Exercise
Every line below that carries the word "left" needs to be copied.

Records from a data source
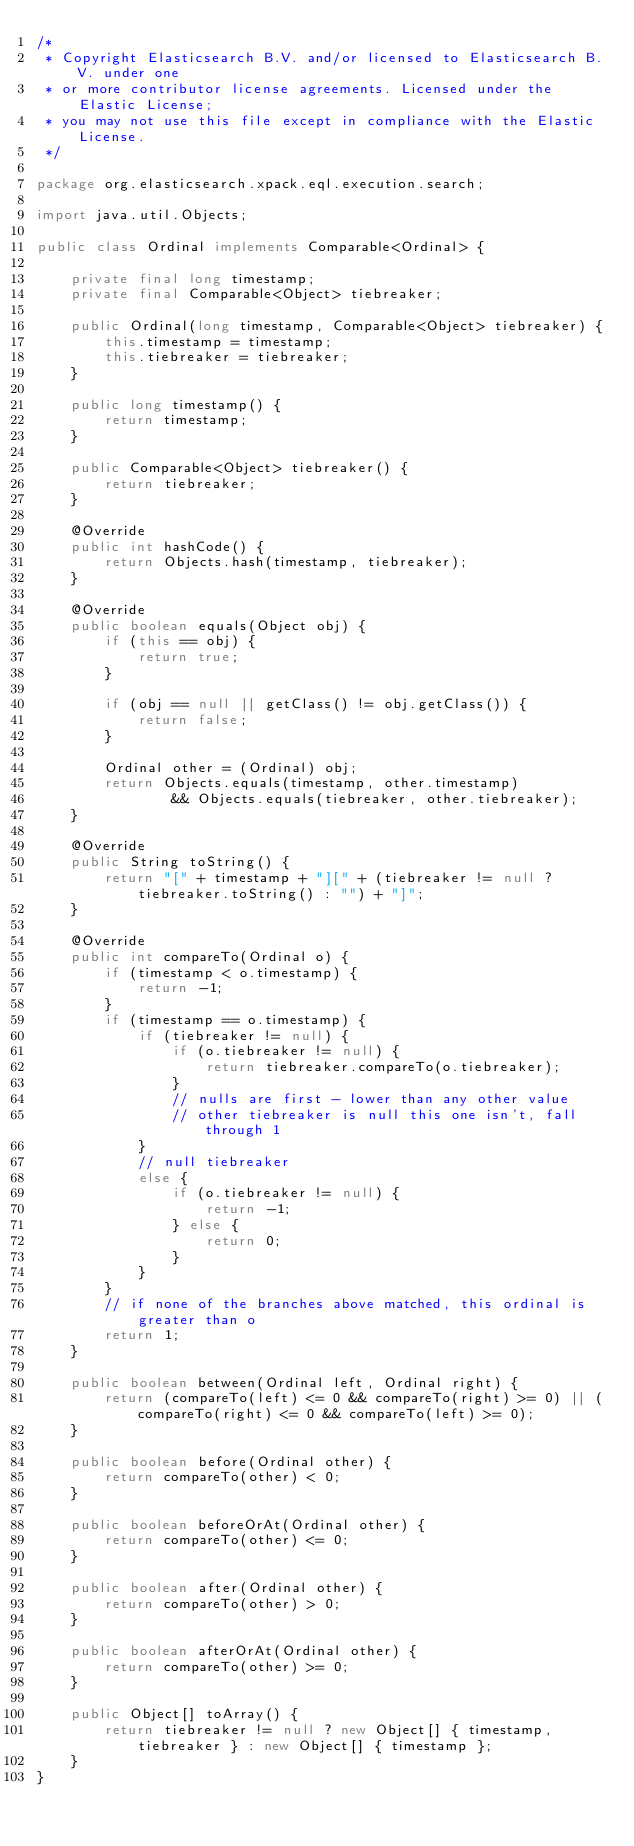Convert code to text. <code><loc_0><loc_0><loc_500><loc_500><_Java_>/*
 * Copyright Elasticsearch B.V. and/or licensed to Elasticsearch B.V. under one
 * or more contributor license agreements. Licensed under the Elastic License;
 * you may not use this file except in compliance with the Elastic License.
 */

package org.elasticsearch.xpack.eql.execution.search;

import java.util.Objects;

public class Ordinal implements Comparable<Ordinal> {

    private final long timestamp;
    private final Comparable<Object> tiebreaker;

    public Ordinal(long timestamp, Comparable<Object> tiebreaker) {
        this.timestamp = timestamp;
        this.tiebreaker = tiebreaker;
    }

    public long timestamp() {
        return timestamp;
    }

    public Comparable<Object> tiebreaker() {
        return tiebreaker;
    }

    @Override
    public int hashCode() {
        return Objects.hash(timestamp, tiebreaker);
    }

    @Override
    public boolean equals(Object obj) {
        if (this == obj) {
            return true;
        }

        if (obj == null || getClass() != obj.getClass()) {
            return false;
        }

        Ordinal other = (Ordinal) obj;
        return Objects.equals(timestamp, other.timestamp)
                && Objects.equals(tiebreaker, other.tiebreaker);
    }

    @Override
    public String toString() {
        return "[" + timestamp + "][" + (tiebreaker != null ? tiebreaker.toString() : "") + "]";
    }

    @Override
    public int compareTo(Ordinal o) {
        if (timestamp < o.timestamp) {
            return -1;
        }
        if (timestamp == o.timestamp) {
            if (tiebreaker != null) {
                if (o.tiebreaker != null) {
                    return tiebreaker.compareTo(o.tiebreaker);
                }
                // nulls are first - lower than any other value
                // other tiebreaker is null this one isn't, fall through 1
            }
            // null tiebreaker
            else {
                if (o.tiebreaker != null) {
                    return -1;
                } else {
                    return 0;
                }
            }
        }
        // if none of the branches above matched, this ordinal is greater than o
        return 1;
    }

    public boolean between(Ordinal left, Ordinal right) {
        return (compareTo(left) <= 0 && compareTo(right) >= 0) || (compareTo(right) <= 0 && compareTo(left) >= 0);
    }

    public boolean before(Ordinal other) {
        return compareTo(other) < 0;
    }

    public boolean beforeOrAt(Ordinal other) {
        return compareTo(other) <= 0;
    }

    public boolean after(Ordinal other) {
        return compareTo(other) > 0;
    }

    public boolean afterOrAt(Ordinal other) {
        return compareTo(other) >= 0;
    }

    public Object[] toArray() {
        return tiebreaker != null ? new Object[] { timestamp, tiebreaker } : new Object[] { timestamp };
    }
}
</code> 
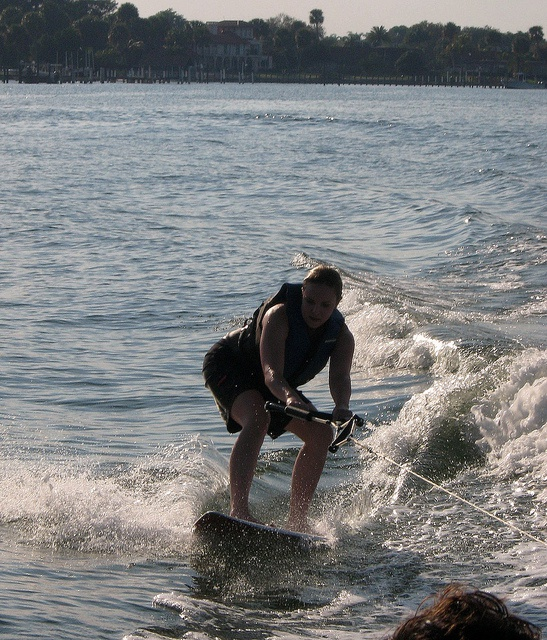Describe the objects in this image and their specific colors. I can see people in black, gray, and darkgray tones, people in black, gray, and maroon tones, and surfboard in black, gray, and darkgray tones in this image. 
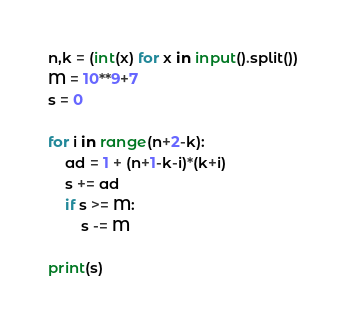Convert code to text. <code><loc_0><loc_0><loc_500><loc_500><_Python_>n,k = (int(x) for x in input().split())
M = 10**9+7
s = 0

for i in range(n+2-k):
    ad = 1 + (n+1-k-i)*(k+i)
    s += ad
    if s >= M:
        s -= M
        
print(s)</code>

Output for this task
    public boolean between(Ordinal left, Ordinal right) {
        return (compareTo(left) <= 0 && compareTo(right) >= 0) || (compareTo(right) <= 0 && compareTo(left) >= 0);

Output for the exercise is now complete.